High resolution strontium isotope data from Nama Group, South Africa, constrain global stratigraphic relationships in the terminal Ediacaran

The Ediacaran was a pivotal period, during which the first metazoans emerged and then experienced several biotic turnover events. At the same time, the oceans were undergoing large-scale geochemical changes, including oscillating redox conditions and nutrient fluxes. Understanding global patterns of biotic change during this interval, and any environmental drivers, is limited by our ability to correlate geochemical and palaeontological records between sections. The strontium isotope ratio of seawater (87Sr/86Sr) represents a powerful chemostratigraphic tool, because it is globally homogeneous, evolves on - 1 myr timescales, and is well-preserved in a range of carbonate rocks. In addition, changes in 87Sr/86Sr track changes in continental weathering fluxes, which in turn can influence redox conditions and seawater chemistry. Recent age models for the Ediacaran have incorporated delta 13C and 87Sr/86Sr data, but there is a dearth of high-resolution, age-constrained 87Sr/86Sr data from the critical Ediacaran-Cambrian Boundary interval. To address this, we collected a high-resolution stratigraphic transect through an expanded section of terminal Ediacaran carbonate rocks, from the Nama Group, South Africa and Namibia, deposited -550-538 Ma. The samples are interbedded with a series of closely-spaced, dated ash beds. To ensure that the 87Sr/86Sr ratios were reflective of primary seawater signals, we tested a sequential digestion procedure, already shown to be effective in Phanerozoic samples, on Ediacaran bulk rock carbonate powders.
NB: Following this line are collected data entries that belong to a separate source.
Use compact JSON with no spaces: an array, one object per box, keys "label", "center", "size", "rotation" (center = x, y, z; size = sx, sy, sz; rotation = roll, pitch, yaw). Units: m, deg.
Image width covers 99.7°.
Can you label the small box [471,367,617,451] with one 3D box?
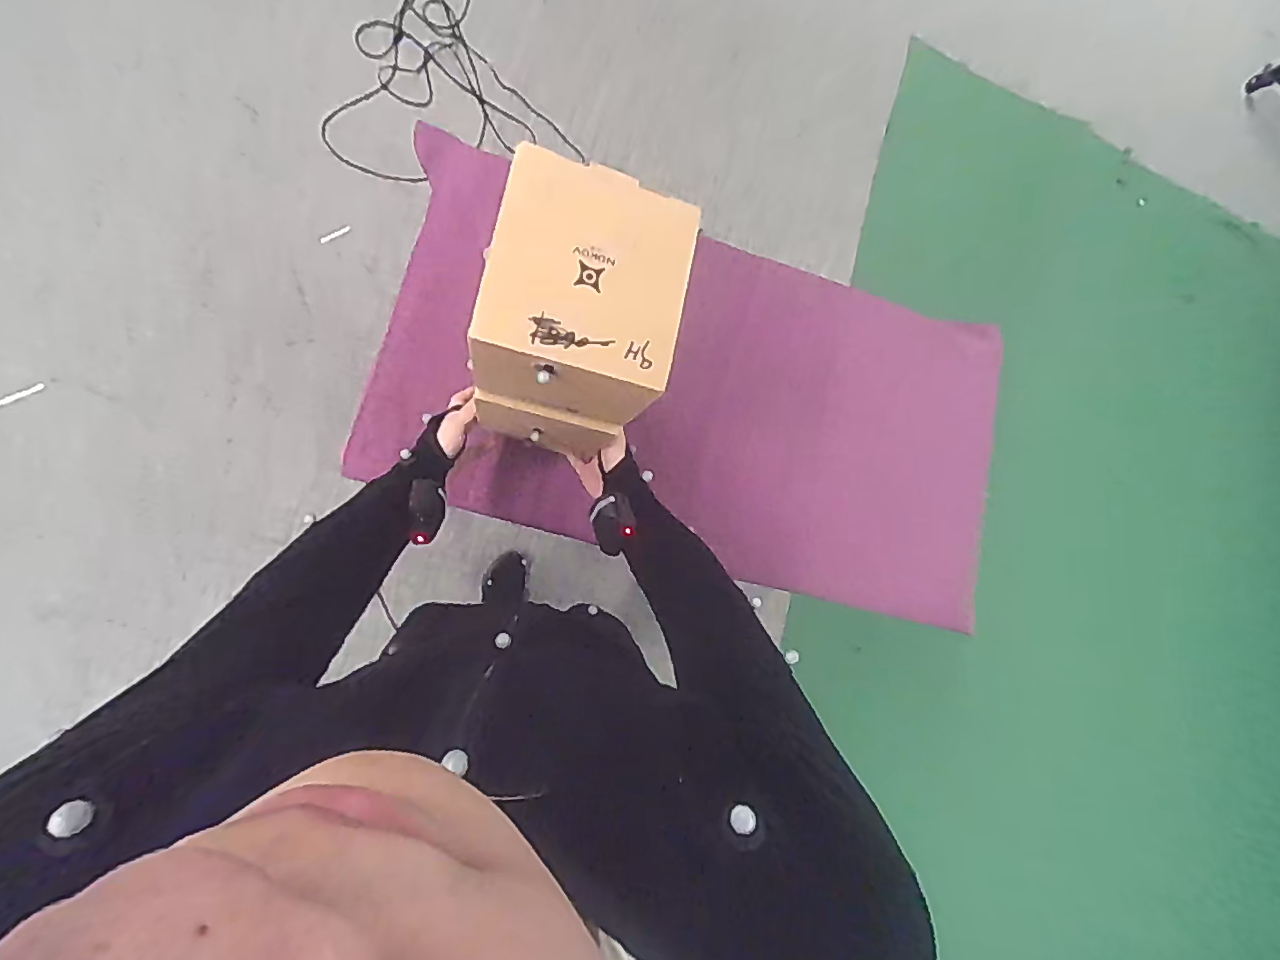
[{"label":"small box","center":[-0.106,-0.144,0.687],"size":[0.168,0.176,0.179],"rotation":[14,81,-13]}]

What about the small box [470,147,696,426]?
[{"label":"small box","center":[-0.062,-0.168,0.531],"size":[0.168,0.176,0.179],"rotation":[13,81,-12]}]

The successful implementation of the sequential digestion technique was verified through careful examination of samples for diagenetic alteration using petrography, trace element ratios and delta 18O. This technique was then applied to 51 samples from a stratigraphic transect through the Kuibis Subgroup, collected at Zebra River, and the Schwarzrand Subgroup, collected at Orange River. The data through the Schwarzrand Subgroup are highly consistent, with an average of 0.708590 +/- 0.000076. The isotopic signature is consistent with other terminal Ediacaran age rocks, with typically low, positive delta 13C and relatively high 87Sr/86Sr ratios (-0.7085). Based on correlation with other Ediacaran sections, our data reveal an 87Sr/86Sr peak of -0.7086 pre-550 Ma before a drop-off to -0.7084 immediately post-550 Ma. These data can help improve age models and provide important context for a critical period in metazoan evolution.